* **Excerpted data**
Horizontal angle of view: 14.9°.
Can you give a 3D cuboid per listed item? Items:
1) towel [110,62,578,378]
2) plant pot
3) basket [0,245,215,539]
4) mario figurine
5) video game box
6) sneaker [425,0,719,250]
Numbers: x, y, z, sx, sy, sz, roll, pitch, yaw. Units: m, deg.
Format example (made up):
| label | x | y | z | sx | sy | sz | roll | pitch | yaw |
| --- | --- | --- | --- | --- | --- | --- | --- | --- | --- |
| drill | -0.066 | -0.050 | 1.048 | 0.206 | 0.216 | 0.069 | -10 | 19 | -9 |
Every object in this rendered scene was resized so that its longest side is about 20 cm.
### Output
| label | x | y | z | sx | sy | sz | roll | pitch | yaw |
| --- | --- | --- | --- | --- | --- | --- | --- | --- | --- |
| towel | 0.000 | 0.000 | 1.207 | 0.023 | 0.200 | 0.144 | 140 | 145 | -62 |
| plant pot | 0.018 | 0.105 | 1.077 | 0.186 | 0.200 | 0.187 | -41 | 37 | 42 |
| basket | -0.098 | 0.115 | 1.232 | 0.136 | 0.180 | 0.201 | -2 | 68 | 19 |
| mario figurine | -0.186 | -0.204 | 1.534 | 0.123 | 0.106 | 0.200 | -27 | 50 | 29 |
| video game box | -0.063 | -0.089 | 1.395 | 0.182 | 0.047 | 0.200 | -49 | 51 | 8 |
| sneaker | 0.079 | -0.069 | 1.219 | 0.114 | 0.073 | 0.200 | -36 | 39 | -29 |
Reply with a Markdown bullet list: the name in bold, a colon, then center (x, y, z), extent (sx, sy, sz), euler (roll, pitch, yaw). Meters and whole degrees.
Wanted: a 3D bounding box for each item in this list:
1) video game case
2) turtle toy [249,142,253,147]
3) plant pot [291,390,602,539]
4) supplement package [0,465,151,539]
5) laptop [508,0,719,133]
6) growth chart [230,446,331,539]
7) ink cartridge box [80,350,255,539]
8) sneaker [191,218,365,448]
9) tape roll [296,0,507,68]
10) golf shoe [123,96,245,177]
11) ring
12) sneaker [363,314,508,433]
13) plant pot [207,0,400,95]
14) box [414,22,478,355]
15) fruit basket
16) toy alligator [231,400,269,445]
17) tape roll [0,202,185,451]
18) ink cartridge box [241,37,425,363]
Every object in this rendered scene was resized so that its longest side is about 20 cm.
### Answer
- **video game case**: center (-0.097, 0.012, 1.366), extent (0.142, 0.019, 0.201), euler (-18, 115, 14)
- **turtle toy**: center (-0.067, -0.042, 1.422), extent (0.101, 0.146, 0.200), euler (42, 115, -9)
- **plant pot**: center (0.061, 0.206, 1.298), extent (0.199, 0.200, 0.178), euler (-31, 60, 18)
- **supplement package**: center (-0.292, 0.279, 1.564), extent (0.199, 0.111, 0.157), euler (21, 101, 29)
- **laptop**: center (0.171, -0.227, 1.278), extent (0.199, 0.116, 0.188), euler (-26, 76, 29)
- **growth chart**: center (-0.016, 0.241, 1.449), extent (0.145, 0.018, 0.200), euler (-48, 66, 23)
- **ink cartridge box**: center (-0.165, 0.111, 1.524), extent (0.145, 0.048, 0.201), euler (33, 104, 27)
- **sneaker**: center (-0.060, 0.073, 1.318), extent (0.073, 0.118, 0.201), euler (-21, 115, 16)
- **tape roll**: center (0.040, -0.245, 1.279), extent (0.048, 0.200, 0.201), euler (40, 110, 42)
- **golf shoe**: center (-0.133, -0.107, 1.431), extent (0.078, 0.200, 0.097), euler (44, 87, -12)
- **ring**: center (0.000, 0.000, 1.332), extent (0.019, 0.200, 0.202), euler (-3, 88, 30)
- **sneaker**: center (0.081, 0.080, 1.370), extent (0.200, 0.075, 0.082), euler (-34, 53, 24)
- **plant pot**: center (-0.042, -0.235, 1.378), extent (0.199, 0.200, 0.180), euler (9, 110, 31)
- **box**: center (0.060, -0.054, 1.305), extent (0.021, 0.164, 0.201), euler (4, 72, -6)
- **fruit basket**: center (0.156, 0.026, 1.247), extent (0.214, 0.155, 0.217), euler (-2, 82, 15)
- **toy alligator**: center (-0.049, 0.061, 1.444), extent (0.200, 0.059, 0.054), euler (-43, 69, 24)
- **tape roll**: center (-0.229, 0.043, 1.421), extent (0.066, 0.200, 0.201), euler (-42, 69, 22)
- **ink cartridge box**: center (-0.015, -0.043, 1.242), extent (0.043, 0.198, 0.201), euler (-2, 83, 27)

* * *

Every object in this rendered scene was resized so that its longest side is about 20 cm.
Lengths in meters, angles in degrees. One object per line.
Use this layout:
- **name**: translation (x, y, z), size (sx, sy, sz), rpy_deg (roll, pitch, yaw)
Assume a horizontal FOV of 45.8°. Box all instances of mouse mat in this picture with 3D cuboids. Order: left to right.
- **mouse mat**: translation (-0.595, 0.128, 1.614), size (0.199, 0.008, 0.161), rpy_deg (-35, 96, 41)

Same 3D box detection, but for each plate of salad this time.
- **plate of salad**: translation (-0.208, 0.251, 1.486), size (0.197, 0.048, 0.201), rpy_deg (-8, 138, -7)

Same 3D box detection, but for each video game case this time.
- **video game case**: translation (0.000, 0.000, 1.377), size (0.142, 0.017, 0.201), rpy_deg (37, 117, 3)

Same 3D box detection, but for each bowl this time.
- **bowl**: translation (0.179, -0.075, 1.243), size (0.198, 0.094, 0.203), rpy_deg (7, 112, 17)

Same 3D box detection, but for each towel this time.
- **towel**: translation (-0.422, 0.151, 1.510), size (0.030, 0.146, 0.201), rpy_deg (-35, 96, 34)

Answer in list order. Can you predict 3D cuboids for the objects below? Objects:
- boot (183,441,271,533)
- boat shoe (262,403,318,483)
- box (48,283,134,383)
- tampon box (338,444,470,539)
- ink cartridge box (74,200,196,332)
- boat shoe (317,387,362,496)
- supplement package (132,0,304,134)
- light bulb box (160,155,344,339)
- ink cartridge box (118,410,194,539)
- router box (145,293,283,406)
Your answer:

* **What is needed**
Could you please find every line of the listing above holding the string "name" and copy it?

* **Solved exercise**
Reply with a Markdown bullet list: the name in bold, a colon, then center (x, y, z), extent (sx, sy, sz), euler (roll, pitch, yaw). Meters and whole degrees.
- **name**: translation (x, y, z), size (sx, sy, sz), rpy_deg (roll, pitch, yaw)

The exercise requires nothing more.